The IRA's arsenal of weapons, explosives and ammunition has been put beyond use in a massive decommissisioning operation which lasted several days, the Independent International Commission on Decommissioning confirmed yesterday. Gerry Moriarty, Mark Brennock, and Mark Hennessy report.
But DUP leader the Rev Ian Paisley accused the British and Irish governments of duplicity and said the decommissioning body had failed to provide numerical detail to support his claims that the IRA had fully decommissioned.
The Irish and British governments welcomed what they called a landmark development. Sinn Féin leader Gerry Adams said the IRA's unprecedented decommissioning was total.
The decommissioning exercise was witnessed by the former president of the Methodist Church, the Rev Harold Good, and the Redemptorist priest, Fr Alec Reid. They said the process had demonstrated to them that, "beyond any shadow of doubt", the arms of the IRA had been decommissioned.
Gen de Chastelain, head of the decommissioning body, did not provide an inventory but said that the large amounts of weaponry put beyond use were consistent with the British and Irish security forces' estimates of what the IRA had secreted in its dumps around Ireland.
He said weapons included rifles, handguns, machine-guns, flame- throwers, surface-to-air missiles, rocket-propelled grenades and other weaponry. He said nobody could be absolutely sure the IRA had fully disarmed but the IICD was "satisfied that the arms decommissioned represent the totality of the IRA's arsenal".

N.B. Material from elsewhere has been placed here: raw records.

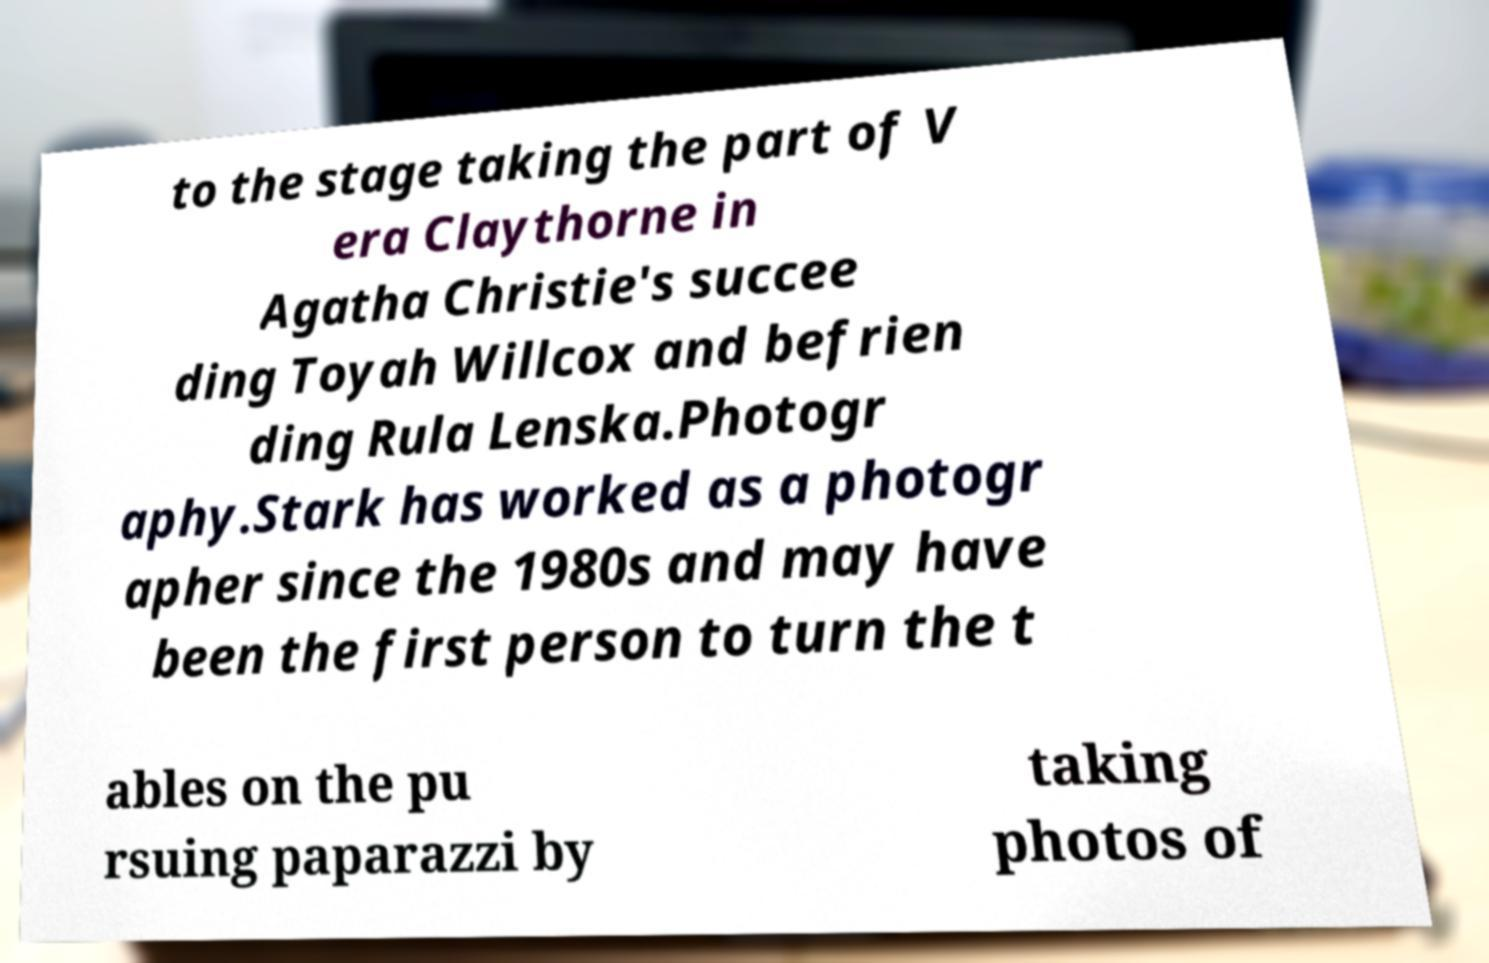Please read and relay the text visible in this image. What does it say? to the stage taking the part of V era Claythorne in Agatha Christie's succee ding Toyah Willcox and befrien ding Rula Lenska.Photogr aphy.Stark has worked as a photogr apher since the 1980s and may have been the first person to turn the t ables on the pu rsuing paparazzi by taking photos of 
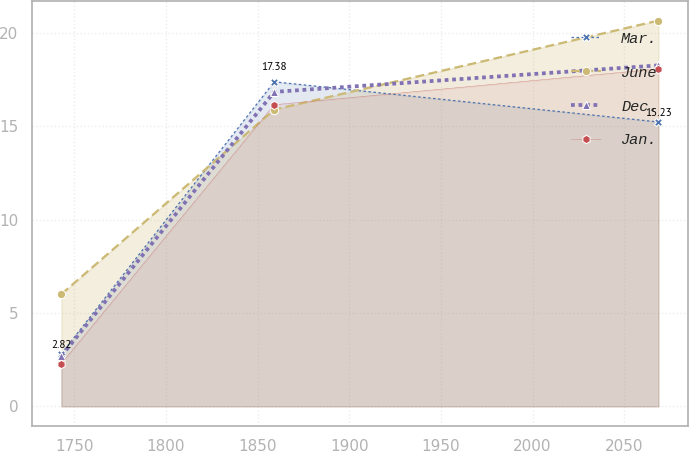<chart> <loc_0><loc_0><loc_500><loc_500><line_chart><ecel><fcel>Mar.<fcel>June<fcel>Dec.<fcel>Jan.<nl><fcel>1743.03<fcel>2.82<fcel>6.01<fcel>2.7<fcel>2.29<nl><fcel>1859.09<fcel>17.38<fcel>15.89<fcel>16.84<fcel>16.15<nl><fcel>2068.65<fcel>15.23<fcel>20.66<fcel>18.26<fcel>18.07<nl></chart> 
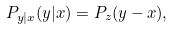<formula> <loc_0><loc_0><loc_500><loc_500>P _ { y | x } ( y | x ) = P _ { z } ( y - x ) ,</formula> 
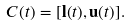<formula> <loc_0><loc_0><loc_500><loc_500>C ( t ) = [ \mathbf l ( t ) , \mathbf u ( t ) ] .</formula>

The IRA, in a short statement, said that the "process of putting our arms verifiably beyond use has been completed". The DUP, however, complained about the lack of an inventory; the fact that there were no photographs of the decommissioning; and the refusal of the IRA to allow the DUP to nominate one of the clerics who independently witnessed the disarmament.
Dr Paisley, who is meeting Gen de Chastelain this morning, said the events around yesterday's announcement of decommissioning illustrated "the duplicity and dishonesty" of the British and Irish governments and the IRA. "Instead of openness there was the cunning tactics of cover-up and a complete failure from General John de Chastelain to deal with the vital numerics of decommissioning," said Dr Paisley.
His comments were at odds with the statement from former Methodist president the Rev Good and Fr Reid. The Rev Good said he and Fr Reid were "utterly certain" that the IRA had disarmed "because we spent many days watching the meticulous and painstaking way in which Gen de Chastelain, Brig Gen Tauno Nieminen and Ambassador Andrew Sens went about the task of decommissioning the huge amounts of explosives, arms and ammunition".
"The experience of seeing this with our own eyes, on a minute-to-minute basis, provided us with evidence so clear and of its nature so incontrovertible that, at the end of the process, it demonstrated to us, and would have demonstrated to anyone who might have been with us, that beyond any shadow of doubt, the arms of the IRA have now been decommissioned," added Rev Good.
Sinn Féin president Gerry Adams said what the IRA had done was "totally unprecedented" and "mighty". He added, "The general has overseen the process. The two independent witnesses have reported. There is no encore. That's it. It's finished. Done."
Notwithstanding the DUP's initial negative response to the IRA move the British and Irish governments believe that there is now real potential to open up political negotiations leading to the restoration of the Northern Executive and Assembly.
However senior Dublin and London sources last night acknowledged that it could take well into next year and possibly into 2007 before a power-sharing government involving Sinn Féin and the DUP could be established.